Hypochondria, Facetious Disorder, and Identity Disturbance

Page 1 of 1 [ 8 posts ] 

NeantHumain
Veteran
Veteran

User avatar

Joined: 24 Jun 2004
Age: 44
Gender: Male
Posts: 4,837
Location: St. Louis, Missouri

24 Aug 2005, 9:00 pm

I am wondering if we have any hypochondriacs here. I myself am not one. I am not really worried about having any diseases or mental disorders too much. Also, by hypochondria, I'm including people who are trying to find the disorder that fits them the best even if they don't worry about having it; this would fall into the rubric of identity disturbance that's a part of borderline personality disorder or facetious disorder (Munchausen syndrome). I'm also including malingerers, who feign illness for financial gain or to avoid obligations.

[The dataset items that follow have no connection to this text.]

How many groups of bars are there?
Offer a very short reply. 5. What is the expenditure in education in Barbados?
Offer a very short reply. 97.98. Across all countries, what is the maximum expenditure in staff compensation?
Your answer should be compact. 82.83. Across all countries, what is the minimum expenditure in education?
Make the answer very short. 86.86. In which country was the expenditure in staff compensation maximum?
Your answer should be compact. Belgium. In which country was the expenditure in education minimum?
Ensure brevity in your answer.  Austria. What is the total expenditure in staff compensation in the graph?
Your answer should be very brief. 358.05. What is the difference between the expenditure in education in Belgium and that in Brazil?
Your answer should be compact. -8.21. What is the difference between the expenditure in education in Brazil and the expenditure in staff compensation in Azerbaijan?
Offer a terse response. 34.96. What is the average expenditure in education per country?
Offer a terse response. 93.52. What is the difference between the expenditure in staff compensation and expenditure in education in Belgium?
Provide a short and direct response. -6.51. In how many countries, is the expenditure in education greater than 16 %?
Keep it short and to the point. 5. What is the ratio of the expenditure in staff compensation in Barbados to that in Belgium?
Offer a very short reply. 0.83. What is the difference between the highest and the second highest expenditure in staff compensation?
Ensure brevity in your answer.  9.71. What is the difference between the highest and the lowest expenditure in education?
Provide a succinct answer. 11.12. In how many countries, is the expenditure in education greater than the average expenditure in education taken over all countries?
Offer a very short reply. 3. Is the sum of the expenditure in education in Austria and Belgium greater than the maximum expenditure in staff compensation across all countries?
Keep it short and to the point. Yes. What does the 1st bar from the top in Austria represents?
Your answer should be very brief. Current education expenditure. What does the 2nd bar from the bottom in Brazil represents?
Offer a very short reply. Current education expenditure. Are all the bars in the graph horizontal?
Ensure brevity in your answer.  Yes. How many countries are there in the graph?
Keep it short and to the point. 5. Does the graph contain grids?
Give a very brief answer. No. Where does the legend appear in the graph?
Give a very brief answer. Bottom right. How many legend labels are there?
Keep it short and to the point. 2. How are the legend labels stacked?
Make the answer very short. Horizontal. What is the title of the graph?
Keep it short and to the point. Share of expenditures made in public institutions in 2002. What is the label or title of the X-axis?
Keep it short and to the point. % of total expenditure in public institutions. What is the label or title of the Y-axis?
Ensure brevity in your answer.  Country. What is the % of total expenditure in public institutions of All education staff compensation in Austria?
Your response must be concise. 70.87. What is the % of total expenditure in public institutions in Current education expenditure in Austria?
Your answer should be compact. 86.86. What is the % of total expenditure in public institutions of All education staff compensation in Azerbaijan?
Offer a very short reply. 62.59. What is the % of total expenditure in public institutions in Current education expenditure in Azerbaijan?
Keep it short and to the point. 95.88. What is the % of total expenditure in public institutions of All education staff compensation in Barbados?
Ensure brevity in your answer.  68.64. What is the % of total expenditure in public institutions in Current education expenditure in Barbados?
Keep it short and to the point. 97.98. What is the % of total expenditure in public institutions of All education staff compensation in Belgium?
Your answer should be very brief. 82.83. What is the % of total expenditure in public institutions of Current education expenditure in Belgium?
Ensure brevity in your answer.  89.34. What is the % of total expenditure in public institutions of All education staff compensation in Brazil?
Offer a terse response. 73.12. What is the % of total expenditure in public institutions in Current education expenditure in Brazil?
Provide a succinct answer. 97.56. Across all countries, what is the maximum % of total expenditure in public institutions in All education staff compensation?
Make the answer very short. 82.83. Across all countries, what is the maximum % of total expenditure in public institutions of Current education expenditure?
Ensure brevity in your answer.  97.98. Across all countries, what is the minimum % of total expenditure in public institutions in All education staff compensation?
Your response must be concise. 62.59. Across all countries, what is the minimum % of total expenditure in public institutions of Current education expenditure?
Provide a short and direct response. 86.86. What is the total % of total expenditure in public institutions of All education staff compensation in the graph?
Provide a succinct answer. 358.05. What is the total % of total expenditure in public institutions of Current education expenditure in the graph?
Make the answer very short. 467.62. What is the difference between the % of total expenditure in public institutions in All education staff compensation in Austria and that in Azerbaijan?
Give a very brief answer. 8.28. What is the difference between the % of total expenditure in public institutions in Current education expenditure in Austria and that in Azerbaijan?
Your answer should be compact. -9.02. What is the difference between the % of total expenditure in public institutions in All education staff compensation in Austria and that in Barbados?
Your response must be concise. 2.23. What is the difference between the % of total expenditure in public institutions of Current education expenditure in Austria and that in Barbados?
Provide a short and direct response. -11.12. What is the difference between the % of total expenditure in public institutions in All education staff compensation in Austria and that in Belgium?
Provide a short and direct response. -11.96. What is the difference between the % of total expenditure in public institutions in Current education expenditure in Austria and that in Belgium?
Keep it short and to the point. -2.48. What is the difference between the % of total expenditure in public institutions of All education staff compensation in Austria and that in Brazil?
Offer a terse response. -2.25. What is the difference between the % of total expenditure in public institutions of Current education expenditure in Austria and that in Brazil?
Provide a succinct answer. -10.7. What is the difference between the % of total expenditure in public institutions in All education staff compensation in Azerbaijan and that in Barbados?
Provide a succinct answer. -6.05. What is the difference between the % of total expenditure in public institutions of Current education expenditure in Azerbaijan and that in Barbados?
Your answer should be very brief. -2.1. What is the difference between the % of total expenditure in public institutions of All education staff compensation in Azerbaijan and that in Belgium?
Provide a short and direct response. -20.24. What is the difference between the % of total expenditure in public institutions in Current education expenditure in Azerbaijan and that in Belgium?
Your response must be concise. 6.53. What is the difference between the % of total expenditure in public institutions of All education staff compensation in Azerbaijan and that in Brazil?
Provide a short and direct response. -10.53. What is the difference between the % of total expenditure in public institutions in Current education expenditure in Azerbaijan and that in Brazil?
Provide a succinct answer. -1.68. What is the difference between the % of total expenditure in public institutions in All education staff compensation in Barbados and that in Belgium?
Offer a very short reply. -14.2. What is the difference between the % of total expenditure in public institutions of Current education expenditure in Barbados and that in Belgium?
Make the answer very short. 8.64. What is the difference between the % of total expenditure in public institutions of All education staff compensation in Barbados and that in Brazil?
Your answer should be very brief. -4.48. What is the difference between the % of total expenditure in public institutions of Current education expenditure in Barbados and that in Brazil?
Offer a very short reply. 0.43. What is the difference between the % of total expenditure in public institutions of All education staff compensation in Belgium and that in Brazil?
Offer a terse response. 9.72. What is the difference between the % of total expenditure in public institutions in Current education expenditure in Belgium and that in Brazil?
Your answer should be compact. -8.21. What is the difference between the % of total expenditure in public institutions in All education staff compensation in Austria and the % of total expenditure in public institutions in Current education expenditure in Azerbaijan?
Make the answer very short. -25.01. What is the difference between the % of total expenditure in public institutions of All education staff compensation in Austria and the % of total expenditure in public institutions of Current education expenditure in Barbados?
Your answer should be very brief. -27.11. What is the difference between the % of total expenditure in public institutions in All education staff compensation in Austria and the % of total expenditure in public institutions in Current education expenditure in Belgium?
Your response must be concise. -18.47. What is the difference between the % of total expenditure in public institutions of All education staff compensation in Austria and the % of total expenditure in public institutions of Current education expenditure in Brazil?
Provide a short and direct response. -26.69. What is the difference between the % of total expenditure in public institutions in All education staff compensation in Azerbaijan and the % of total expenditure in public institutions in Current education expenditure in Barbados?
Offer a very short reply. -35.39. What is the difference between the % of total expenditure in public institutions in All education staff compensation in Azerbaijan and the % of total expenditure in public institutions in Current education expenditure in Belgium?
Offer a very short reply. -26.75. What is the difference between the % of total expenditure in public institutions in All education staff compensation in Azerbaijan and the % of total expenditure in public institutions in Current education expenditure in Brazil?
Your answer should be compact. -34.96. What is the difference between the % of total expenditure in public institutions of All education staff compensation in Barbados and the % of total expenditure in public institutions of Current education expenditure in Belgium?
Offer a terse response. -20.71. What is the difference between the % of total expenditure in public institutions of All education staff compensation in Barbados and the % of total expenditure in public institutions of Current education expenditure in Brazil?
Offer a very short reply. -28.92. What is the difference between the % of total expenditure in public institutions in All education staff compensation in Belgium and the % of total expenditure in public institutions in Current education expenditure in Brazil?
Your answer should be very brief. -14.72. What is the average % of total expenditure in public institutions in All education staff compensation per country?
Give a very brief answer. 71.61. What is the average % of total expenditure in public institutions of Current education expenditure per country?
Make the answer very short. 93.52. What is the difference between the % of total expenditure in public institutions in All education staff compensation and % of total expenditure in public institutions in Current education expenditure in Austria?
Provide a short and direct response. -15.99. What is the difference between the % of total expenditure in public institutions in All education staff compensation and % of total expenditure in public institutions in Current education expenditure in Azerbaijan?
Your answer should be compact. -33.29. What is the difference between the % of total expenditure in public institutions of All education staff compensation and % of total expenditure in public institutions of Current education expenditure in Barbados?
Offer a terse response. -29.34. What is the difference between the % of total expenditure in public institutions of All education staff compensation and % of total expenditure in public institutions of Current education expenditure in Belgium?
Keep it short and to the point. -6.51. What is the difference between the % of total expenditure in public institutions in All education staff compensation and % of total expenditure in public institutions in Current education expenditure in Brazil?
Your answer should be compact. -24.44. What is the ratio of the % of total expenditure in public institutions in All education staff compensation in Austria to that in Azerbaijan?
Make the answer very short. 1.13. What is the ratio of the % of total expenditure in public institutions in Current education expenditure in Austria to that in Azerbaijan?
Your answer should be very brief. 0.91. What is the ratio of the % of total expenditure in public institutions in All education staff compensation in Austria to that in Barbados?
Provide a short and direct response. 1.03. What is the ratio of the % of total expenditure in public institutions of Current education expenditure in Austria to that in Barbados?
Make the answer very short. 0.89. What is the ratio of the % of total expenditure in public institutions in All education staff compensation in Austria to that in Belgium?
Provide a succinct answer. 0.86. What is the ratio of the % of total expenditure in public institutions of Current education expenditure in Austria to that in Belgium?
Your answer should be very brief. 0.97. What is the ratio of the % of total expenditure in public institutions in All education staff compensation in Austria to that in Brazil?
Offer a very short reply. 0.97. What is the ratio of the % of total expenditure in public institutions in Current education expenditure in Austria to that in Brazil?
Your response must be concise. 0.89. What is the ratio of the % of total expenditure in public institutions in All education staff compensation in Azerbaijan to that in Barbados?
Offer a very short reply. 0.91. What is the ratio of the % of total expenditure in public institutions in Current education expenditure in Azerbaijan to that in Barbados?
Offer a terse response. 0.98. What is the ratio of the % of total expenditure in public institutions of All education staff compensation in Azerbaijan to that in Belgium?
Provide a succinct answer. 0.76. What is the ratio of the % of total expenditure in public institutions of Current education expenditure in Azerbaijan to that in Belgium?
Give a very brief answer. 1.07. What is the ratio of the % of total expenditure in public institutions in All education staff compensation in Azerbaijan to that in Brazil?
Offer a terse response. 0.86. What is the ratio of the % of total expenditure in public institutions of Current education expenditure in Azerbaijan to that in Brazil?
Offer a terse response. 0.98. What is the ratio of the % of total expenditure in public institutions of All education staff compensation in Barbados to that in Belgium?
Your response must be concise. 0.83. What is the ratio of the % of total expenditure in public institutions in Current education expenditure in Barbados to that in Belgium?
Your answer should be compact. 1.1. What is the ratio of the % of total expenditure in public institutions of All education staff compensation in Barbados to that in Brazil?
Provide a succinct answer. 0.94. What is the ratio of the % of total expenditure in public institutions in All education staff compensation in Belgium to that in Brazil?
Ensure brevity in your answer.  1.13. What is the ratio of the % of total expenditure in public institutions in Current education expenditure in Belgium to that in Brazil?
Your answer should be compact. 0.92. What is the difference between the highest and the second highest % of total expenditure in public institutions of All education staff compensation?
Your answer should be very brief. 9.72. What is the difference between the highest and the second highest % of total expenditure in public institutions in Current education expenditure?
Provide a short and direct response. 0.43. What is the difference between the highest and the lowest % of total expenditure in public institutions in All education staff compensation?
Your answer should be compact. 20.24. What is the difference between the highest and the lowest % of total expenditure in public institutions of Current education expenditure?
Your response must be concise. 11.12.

I know many people here consider Asperger's syndrome to be an integral part of their identities. I don't. For me it's wholly pragmatic. Asperger's syndrome simply explains many of the social problems I am facing more descriptively than calling it shyness or anxiety. It is a way of gaining self-knowledge so that I can more effectively meet my life goals, especially socially. It also opens me to meet other people who have faced similar challenges. If another syndrome better explains my problems, by all means, I'd accept that. I'm not emotionally attached to my diagnosis. I do not take it personally if people are mistaken about AS, but I do try to correct factual errors so that they may have a more proper understanding of it and the autistic spectrum in general.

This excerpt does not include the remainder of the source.